Go through the entries below and work out how many lines include "half". Answer with the number only.

## DATA SUPPLIED
++++++++++++++++++++

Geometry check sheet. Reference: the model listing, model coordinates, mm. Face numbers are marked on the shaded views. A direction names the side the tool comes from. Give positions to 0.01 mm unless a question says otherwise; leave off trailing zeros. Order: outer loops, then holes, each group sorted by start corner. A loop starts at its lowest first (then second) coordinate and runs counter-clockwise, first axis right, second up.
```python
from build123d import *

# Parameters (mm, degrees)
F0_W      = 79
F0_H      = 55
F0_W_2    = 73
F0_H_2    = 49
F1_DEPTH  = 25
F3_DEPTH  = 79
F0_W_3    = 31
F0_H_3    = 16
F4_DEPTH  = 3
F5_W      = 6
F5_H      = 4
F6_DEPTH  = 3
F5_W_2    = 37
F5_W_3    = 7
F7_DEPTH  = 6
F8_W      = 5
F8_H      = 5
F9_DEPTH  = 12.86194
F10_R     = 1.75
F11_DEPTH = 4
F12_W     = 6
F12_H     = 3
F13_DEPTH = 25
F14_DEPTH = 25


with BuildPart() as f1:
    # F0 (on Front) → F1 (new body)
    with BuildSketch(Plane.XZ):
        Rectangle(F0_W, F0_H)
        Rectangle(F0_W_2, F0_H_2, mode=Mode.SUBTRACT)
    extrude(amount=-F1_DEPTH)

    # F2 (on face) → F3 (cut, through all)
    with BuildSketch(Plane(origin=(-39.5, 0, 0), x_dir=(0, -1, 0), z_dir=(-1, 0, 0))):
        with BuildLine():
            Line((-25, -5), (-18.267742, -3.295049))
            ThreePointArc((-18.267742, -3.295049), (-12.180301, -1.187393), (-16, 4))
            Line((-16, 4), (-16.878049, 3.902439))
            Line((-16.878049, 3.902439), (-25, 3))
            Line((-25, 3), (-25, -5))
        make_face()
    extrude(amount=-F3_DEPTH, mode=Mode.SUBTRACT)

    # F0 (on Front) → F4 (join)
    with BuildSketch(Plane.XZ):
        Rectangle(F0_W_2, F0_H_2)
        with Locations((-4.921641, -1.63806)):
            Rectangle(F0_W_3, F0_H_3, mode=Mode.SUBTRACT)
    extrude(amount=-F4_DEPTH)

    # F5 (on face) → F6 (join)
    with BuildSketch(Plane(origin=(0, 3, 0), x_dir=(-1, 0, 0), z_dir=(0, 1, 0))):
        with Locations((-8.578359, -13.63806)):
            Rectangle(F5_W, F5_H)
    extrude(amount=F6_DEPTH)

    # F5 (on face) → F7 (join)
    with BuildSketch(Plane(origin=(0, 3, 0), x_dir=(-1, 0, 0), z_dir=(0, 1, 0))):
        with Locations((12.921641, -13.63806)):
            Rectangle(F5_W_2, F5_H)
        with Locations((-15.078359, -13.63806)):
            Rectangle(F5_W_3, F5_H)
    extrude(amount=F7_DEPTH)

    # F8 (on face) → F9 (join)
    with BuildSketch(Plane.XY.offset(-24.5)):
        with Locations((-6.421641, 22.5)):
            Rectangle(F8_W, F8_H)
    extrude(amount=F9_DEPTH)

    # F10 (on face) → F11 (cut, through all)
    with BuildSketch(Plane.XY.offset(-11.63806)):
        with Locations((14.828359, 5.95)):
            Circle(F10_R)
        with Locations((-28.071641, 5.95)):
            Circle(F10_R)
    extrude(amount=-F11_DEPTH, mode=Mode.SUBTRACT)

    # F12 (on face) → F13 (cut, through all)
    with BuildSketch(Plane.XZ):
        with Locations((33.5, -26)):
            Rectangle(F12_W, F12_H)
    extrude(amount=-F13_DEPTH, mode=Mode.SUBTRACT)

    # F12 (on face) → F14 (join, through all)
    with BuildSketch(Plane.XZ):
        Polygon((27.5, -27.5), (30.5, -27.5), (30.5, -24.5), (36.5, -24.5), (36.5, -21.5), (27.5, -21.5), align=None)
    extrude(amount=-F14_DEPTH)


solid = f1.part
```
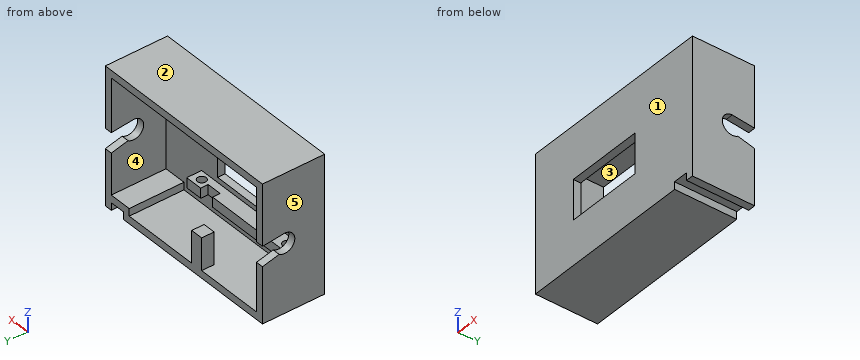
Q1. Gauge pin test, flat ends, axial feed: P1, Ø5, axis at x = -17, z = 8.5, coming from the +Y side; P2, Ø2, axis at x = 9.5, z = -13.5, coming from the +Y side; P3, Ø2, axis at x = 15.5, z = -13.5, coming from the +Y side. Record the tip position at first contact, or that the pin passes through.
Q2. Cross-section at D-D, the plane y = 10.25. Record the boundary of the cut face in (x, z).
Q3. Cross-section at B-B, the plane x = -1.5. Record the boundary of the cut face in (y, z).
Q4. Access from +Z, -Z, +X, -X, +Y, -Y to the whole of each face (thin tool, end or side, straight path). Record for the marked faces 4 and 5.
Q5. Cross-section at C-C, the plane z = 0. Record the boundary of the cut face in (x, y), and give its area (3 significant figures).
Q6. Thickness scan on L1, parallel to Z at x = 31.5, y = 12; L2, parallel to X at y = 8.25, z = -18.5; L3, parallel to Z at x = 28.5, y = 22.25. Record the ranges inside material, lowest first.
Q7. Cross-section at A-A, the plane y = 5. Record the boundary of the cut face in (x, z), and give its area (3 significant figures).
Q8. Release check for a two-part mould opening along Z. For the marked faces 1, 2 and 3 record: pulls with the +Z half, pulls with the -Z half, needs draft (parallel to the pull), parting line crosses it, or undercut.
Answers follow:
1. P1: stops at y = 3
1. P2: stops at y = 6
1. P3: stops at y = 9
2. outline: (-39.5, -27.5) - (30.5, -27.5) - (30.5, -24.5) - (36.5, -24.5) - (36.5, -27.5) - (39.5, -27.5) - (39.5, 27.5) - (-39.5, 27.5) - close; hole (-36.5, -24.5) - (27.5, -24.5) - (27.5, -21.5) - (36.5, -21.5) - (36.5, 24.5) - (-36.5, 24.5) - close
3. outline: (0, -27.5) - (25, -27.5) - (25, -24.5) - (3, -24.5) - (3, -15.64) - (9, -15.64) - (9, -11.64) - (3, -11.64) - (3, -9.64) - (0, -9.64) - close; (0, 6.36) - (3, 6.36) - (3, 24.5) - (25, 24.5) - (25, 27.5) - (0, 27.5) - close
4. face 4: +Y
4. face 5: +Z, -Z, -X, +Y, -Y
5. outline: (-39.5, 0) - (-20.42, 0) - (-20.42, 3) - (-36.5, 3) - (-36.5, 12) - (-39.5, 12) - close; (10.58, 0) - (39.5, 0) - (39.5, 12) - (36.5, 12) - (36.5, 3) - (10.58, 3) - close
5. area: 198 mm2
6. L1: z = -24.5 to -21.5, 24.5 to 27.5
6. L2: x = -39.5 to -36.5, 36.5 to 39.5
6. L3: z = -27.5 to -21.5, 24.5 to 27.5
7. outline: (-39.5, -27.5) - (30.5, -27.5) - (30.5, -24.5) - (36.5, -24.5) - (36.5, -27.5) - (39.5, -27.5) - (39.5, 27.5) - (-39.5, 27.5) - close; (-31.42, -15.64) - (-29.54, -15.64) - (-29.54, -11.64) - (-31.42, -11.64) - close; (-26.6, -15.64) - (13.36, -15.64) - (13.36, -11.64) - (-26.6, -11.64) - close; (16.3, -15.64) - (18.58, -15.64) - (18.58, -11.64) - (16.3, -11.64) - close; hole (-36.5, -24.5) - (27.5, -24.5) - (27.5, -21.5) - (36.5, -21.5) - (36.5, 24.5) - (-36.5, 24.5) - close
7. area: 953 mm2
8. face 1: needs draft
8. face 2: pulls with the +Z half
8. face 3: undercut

++++++++++++++++++++

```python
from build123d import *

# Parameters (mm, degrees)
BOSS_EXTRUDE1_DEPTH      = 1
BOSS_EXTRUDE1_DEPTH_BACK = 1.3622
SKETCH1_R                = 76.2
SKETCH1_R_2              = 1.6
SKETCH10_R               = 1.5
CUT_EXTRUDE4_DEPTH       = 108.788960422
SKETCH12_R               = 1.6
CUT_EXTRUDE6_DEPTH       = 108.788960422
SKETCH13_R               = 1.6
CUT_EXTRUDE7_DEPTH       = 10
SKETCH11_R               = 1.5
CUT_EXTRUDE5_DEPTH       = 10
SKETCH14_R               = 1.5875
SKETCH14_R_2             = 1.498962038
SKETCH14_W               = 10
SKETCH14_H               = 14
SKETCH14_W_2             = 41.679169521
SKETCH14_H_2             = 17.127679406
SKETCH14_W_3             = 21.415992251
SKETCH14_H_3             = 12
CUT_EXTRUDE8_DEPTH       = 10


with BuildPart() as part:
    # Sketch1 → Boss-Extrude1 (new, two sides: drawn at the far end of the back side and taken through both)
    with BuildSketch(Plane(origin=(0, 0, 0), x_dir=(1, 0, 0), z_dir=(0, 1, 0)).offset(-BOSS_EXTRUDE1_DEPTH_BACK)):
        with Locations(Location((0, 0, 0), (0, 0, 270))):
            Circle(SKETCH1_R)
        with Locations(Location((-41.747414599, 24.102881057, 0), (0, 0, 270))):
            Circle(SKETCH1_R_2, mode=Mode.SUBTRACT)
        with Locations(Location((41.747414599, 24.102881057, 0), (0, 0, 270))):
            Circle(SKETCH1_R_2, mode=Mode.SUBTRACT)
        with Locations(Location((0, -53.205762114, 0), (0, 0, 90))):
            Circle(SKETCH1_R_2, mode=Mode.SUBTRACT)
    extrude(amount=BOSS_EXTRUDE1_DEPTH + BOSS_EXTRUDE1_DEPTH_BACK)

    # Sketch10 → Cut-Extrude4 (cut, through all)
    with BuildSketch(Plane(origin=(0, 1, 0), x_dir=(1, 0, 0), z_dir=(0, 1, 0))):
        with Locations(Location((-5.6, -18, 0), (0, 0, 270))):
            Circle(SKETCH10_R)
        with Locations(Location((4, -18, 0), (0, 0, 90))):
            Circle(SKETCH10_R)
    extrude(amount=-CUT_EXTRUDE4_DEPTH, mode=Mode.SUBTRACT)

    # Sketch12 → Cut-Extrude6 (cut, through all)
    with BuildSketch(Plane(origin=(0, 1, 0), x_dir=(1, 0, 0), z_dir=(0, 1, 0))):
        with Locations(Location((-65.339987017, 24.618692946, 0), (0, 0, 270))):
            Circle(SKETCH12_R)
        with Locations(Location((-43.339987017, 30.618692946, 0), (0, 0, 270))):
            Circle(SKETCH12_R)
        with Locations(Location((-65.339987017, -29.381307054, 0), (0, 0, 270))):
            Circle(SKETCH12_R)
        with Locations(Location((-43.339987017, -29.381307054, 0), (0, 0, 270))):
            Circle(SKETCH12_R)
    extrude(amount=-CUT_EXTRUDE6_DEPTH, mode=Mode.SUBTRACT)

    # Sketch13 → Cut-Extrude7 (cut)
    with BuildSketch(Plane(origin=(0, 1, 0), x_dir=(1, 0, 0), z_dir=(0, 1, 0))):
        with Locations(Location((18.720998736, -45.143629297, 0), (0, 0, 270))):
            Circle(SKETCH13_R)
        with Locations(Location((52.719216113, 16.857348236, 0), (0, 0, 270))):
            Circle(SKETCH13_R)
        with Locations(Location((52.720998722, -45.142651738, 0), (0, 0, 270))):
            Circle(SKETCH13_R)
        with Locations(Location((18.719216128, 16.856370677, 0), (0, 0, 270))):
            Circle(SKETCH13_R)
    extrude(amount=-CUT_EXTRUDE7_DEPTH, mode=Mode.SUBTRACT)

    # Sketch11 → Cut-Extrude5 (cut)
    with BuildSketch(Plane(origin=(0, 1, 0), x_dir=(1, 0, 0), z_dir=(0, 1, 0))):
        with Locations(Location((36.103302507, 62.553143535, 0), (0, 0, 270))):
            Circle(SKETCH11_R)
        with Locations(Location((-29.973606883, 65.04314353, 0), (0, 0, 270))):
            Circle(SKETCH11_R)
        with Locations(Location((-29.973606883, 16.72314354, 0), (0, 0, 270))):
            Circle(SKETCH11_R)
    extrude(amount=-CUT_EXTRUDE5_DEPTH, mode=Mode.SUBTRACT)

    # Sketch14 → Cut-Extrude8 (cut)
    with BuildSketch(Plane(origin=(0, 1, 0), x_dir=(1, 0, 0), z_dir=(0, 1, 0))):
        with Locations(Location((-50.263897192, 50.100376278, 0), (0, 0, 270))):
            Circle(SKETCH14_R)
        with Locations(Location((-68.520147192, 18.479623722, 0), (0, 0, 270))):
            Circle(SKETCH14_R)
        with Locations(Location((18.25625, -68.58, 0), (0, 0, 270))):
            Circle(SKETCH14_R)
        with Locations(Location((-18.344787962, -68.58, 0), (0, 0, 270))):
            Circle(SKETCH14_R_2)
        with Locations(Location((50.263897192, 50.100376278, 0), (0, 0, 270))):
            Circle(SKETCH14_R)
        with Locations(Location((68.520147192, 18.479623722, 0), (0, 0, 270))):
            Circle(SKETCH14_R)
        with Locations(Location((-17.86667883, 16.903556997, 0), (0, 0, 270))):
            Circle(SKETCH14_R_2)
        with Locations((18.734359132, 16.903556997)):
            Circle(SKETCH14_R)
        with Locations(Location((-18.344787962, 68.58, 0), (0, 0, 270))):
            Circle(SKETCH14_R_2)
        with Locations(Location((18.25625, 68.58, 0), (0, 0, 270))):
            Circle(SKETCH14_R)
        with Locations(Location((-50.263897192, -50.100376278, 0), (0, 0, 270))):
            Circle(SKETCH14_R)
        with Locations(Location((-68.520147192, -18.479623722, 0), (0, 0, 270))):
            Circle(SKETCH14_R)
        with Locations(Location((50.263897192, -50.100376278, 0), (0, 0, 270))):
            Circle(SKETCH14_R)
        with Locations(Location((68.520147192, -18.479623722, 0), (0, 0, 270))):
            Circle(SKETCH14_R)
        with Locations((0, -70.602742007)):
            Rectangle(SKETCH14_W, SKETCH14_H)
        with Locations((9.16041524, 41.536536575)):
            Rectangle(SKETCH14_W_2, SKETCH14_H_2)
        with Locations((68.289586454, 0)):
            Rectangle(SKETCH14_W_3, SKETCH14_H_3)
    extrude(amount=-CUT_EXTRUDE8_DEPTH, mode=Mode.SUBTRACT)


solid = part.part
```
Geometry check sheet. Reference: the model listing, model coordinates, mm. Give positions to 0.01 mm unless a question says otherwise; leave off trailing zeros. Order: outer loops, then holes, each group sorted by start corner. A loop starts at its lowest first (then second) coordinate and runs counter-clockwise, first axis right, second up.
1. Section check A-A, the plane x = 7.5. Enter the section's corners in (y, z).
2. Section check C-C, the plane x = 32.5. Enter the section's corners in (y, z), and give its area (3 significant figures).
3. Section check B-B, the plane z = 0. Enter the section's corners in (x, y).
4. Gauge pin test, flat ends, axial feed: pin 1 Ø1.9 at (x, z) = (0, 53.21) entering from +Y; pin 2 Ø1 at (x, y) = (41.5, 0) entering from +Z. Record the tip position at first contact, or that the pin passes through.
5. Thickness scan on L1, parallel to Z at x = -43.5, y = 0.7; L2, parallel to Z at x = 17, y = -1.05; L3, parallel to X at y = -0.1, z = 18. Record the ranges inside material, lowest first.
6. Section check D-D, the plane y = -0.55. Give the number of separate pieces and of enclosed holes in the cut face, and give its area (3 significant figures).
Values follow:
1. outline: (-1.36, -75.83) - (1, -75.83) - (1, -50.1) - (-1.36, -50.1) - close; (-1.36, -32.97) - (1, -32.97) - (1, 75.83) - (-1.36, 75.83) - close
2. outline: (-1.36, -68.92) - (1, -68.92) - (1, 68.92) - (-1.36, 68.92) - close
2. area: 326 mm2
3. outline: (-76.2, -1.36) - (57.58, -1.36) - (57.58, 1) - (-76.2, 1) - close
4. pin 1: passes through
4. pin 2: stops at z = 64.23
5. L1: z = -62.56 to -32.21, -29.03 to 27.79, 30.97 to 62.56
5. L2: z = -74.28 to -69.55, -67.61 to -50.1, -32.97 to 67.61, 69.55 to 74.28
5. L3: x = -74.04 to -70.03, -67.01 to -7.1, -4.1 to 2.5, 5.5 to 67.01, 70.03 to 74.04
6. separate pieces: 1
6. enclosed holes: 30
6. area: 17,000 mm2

++++++++++++++++++++

## ANSWER BELOW
2